Formulas for the vacancy rates.
Homeowner vacancy rate (0.8%) is calculated this way:
- Vacant year-round homeowner inventory for sale
- divided by the sum of
- Owner occupied units + vacant year-round units sold but awaiting occupancy + vacant year-round units for sale only.
Excluded from the formula: You see what this formula does? It excludes large categories of vacant homeowner units — the units that are “held off the market” and the units that are “vacant seasonally.”
Rental Vacancy Rate (5.8%) is calculated this way:
- Vacant year-round units for rent
- divided by the sum of
- Renter occupied units + vacant year-round units rented but awaiting occupancy + vacant year-round units for rent.
Excluded from the formula: And sure enough, the formula excludes the rental units that are “held off the market” and the rental units that are vacant seasonally.
Whether or not the formulas that get us to vacancy rates of 0.8% or 5.8% make any sense, or are useful, it is important that we know what they mean when someone says there is a housing shortage because the homeowner vacancy rate is 0.8%.

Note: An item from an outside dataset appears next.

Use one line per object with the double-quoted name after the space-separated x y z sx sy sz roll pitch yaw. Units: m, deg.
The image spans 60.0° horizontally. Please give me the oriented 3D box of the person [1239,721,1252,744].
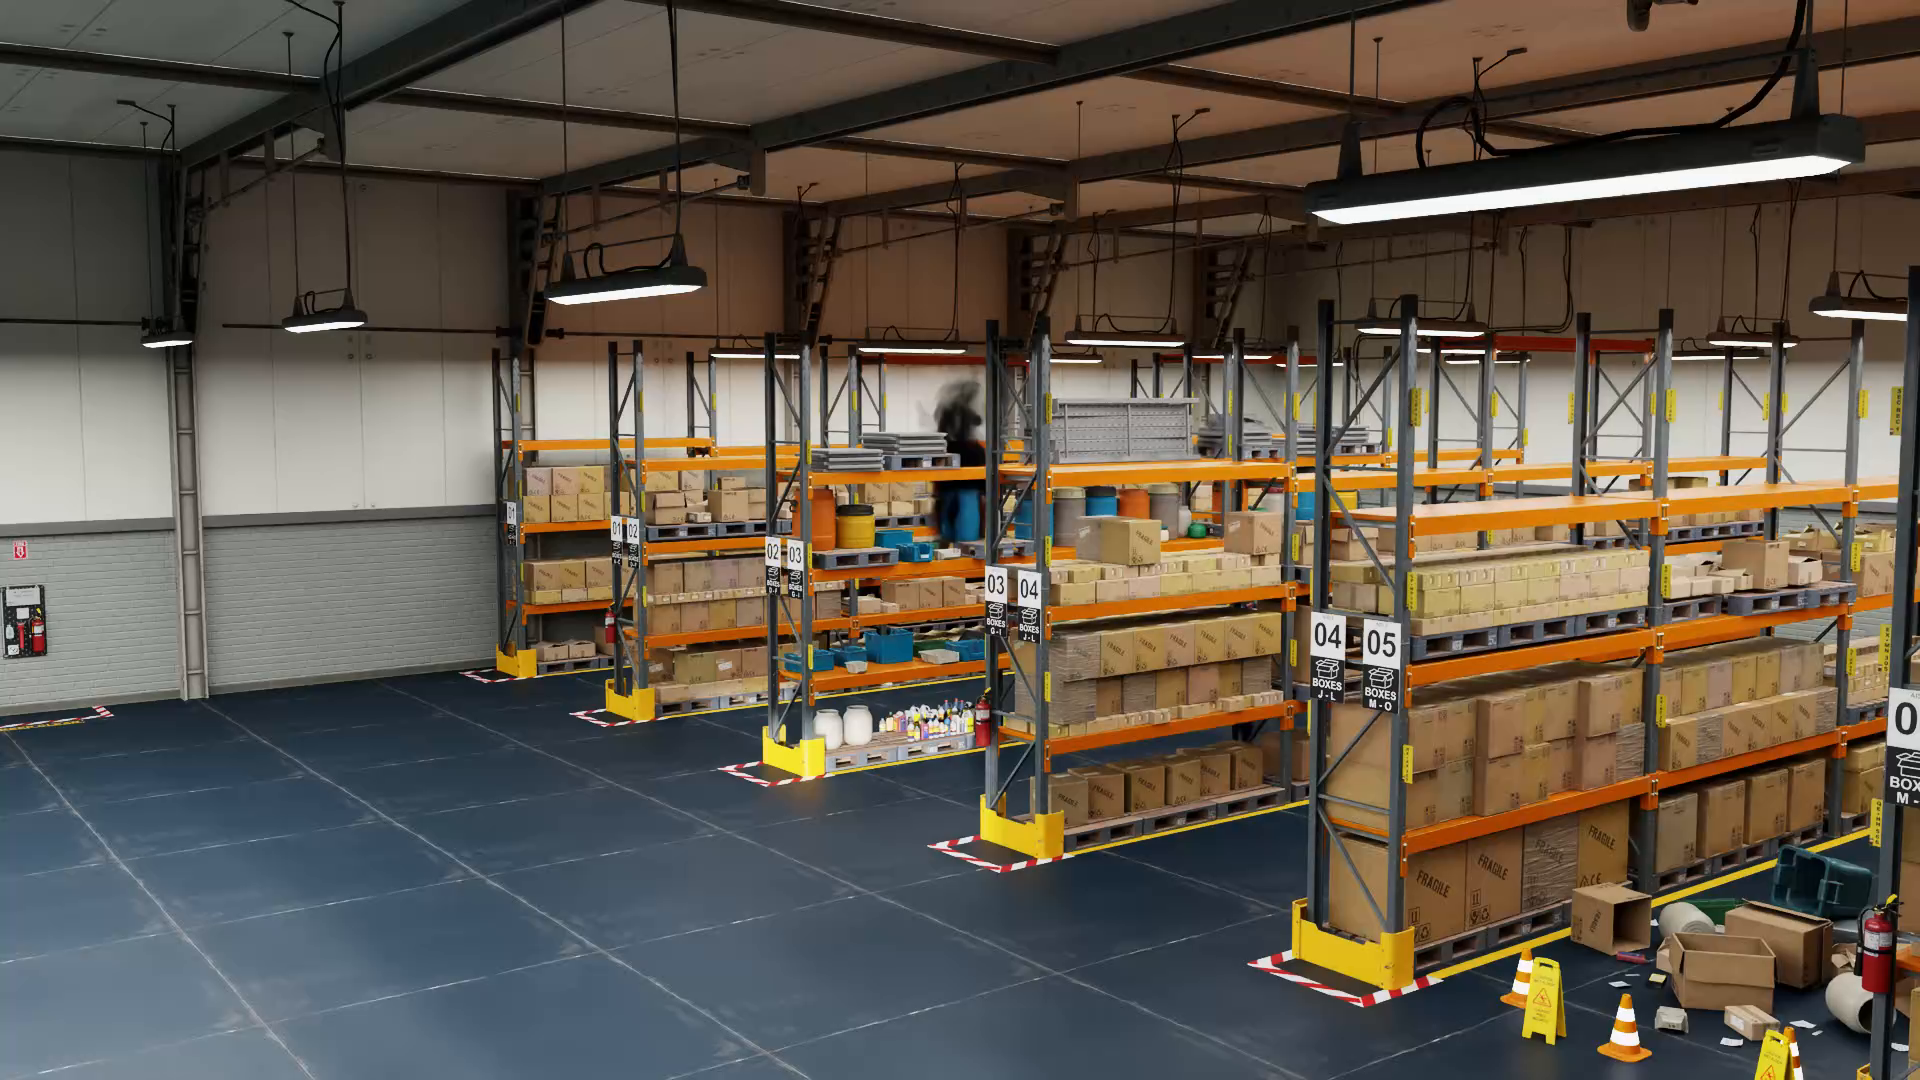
3.890 2.065 22.979 0.607 1.607 0.504 5 7 43 "person"

The key: the 6.6 million homes “held off the market” – and this includes homes that, as I have pointed out many times before, are vacant because the homeowner bought another home and moved out but chose not to sell the old and now vacant home in order to ride up the housing boom all the way to the very tippy top of the spike, which has now broken off. Those homes are in the shadow inventory that will sooner or later emerge from the shadows.